The biggest problem with the book is her mistreatment of men by blaming them for her own bad choices. While I loved her as an actress, Joyce is a well-meaning basket case as a woman. She was raised (and abandoned) by a bizarre mother that kept her from her father as they traveled the country, hopping from home to home. Often she had no idea who was caring for her or would live with a paid spinster while her mother was nowhere to be found and her dad couldn't locate his daughter. Somehow this translated into her longing for a big strong male to be in her life (thus her five marriages) but Joyce then abandoned her father and kept close to her mother, who married a well-off florist. The author never explains why she would stay close to a woman who abused her for years, yet ignored the man who she claimed to have longed for. There was one period in adulthood where she didn't go visit her dad for 17 years and her kids didn't meet him! Her mother dies and she goes into great detail. Her dad dies and he gets one sentence. Nowhere in the book is this switch explained and the reader wonders why she was so close to a mother who was so horrible.

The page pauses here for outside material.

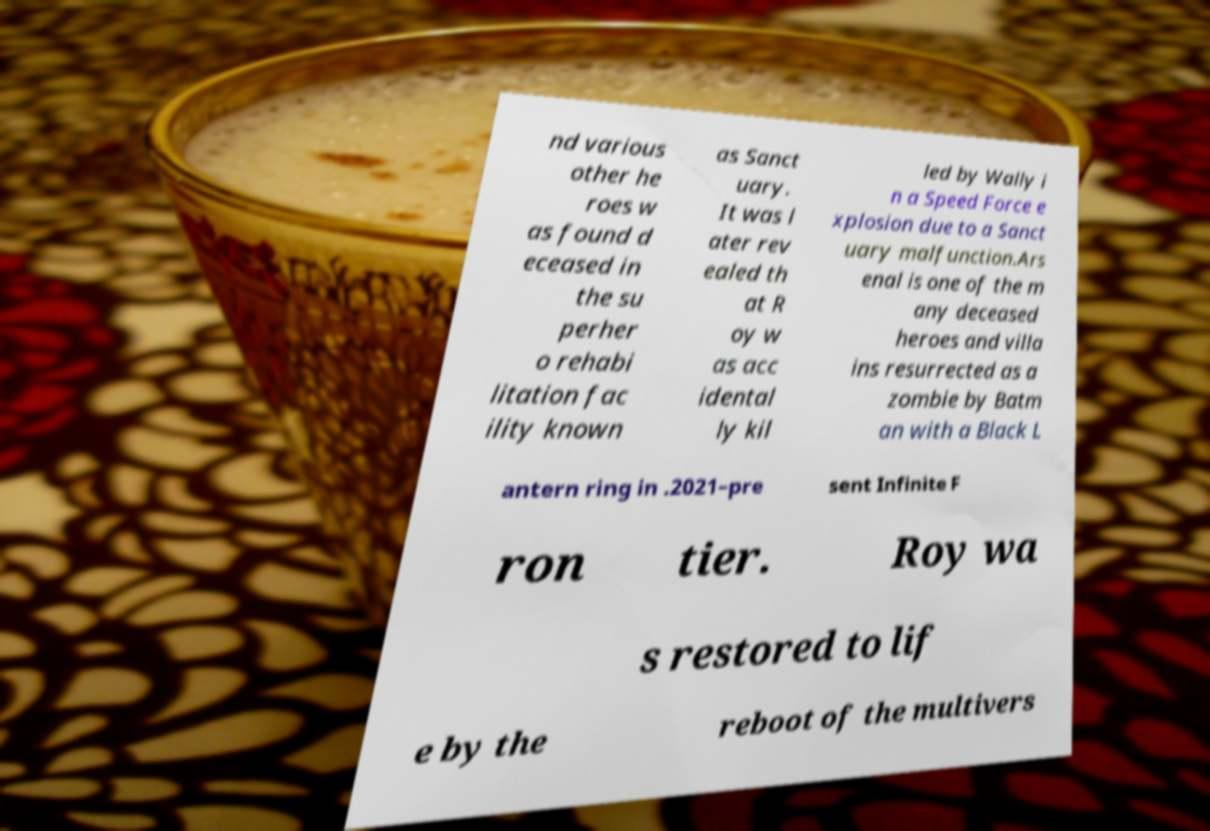Can you accurately transcribe the text from the provided image for me? nd various other he roes w as found d eceased in the su perher o rehabi litation fac ility known as Sanct uary. It was l ater rev ealed th at R oy w as acc idental ly kil led by Wally i n a Speed Force e xplosion due to a Sanct uary malfunction.Ars enal is one of the m any deceased heroes and villa ins resurrected as a zombie by Batm an with a Black L antern ring in .2021–pre sent Infinite F ron tier. Roy wa s restored to lif e by the reboot of the multivers

Bulifant comes across ultimately as anti-male. She bashes pretty much every man in this book. Her first husband, Helen Hayes famous son James MacArthur of Hawaii 5-0, is painted as a brooding alcoholic abuser, but Joyce never speaks up to object to anything he does. She cowers in fear of even stating an opinion, which is really her problem and not his since she did it from when she met him as a teen. If anything how she portrays how she acted toward him explains why he felt the need to raise his voice to get through to her--she was horrible at communicating or showing support. This pattern continued with her other marriages, where she falls for someone, then remains silent instead of putting up boundaries and respecting a man enough to state her feelings even if it meant conflict. She hated any type of disagreement or conflict, so would live with silent suffering then blame the men when she tired of how they acted. Joyce, if you don't tell a man exactly what you want or expect of him then you have no right to blame your failed marriages on the men when you're not happy. All of her men's issues she claims are due to drinking, but that is simplistic and doesn't address the fact that a woman who has been married five times needs to look much deeper within herself to see what her own problems are if she kept picking the "wrong guys" as she claims.
Her final husband is a Hollywood actor that appears throughout her life, from performances together to sleeping together. In their 60s they get married and the book suddenly ends. It's strange that she leaves out the next 15 years of her life.
The book is worth reading because I had no clue that this constantly-smiling supporting actress had so many famous people in her life. But the fact that she doesn't get detailed enough about anything (other than negatives about her husbands) is disappointing. No details about Mary Tyler Moore Show, the Airplane movie, or working with Bill Cosby on his first sitcom. There is so much more she could have written. Any woman that has had five husbands but titles her book "My Four Hollywood Husbands" obviously is not giving readers the complete story.